INPUT RECORDS.

━━━━━━━━

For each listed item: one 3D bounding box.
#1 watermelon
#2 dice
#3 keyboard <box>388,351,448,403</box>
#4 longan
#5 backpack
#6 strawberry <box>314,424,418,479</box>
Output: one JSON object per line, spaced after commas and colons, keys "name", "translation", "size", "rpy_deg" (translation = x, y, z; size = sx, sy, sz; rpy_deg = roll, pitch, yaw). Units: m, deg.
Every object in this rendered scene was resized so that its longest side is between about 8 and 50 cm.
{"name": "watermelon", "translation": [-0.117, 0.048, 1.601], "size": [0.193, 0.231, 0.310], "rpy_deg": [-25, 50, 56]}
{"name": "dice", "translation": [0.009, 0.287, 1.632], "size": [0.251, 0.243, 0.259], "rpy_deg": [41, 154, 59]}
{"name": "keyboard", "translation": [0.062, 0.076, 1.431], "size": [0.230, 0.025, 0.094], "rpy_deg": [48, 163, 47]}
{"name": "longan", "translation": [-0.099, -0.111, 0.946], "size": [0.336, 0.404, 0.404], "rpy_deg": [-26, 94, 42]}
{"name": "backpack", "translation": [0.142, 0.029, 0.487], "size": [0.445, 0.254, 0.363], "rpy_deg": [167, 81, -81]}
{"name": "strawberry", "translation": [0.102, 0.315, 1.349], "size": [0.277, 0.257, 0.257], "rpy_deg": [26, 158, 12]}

━━━━━━━━

Please copy exactly, and only, the lines running from the one containing "#5 backpack" through the end of the listing.

REPLY TO THE EXERCISE.
#5 backpack
#6 strawberry <box>314,424,418,479</box>
Output: one JSON object per line, spaced after commas and colons, keys "name", "translation", "size", "rpy_deg" (translation = x, y, z; size = sx, sy, sz; rpy_deg = roll, pitch, yaw). Units: m, deg.
Every object in this rendered scene was resized so that its longest side is between about 8 and 50 cm.
{"name": "watermelon", "translation": [-0.117, 0.048, 1.601], "size": [0.193, 0.231, 0.310], "rpy_deg": [-25, 50, 56]}
{"name": "dice", "translation": [0.009, 0.287, 1.632], "size": [0.251, 0.243, 0.259], "rpy_deg": [41, 154, 59]}
{"name": "keyboard", "translation": [0.062, 0.076, 1.431], "size": [0.230, 0.025, 0.094], "rpy_deg": [48, 163, 47]}
{"name": "longan", "translation": [-0.099, -0.111, 0.946], "size": [0.336, 0.404, 0.404], "rpy_deg": [-26, 94, 42]}
{"name": "backpack", "translation": [0.142, 0.029, 0.487], "size": [0.445, 0.254, 0.363], "rpy_deg": [167, 81, -81]}
{"name": "strawberry", "translation": [0.102, 0.315, 1.349], "size": [0.277, 0.257, 0.257], "rpy_deg": [26, 158, 12]}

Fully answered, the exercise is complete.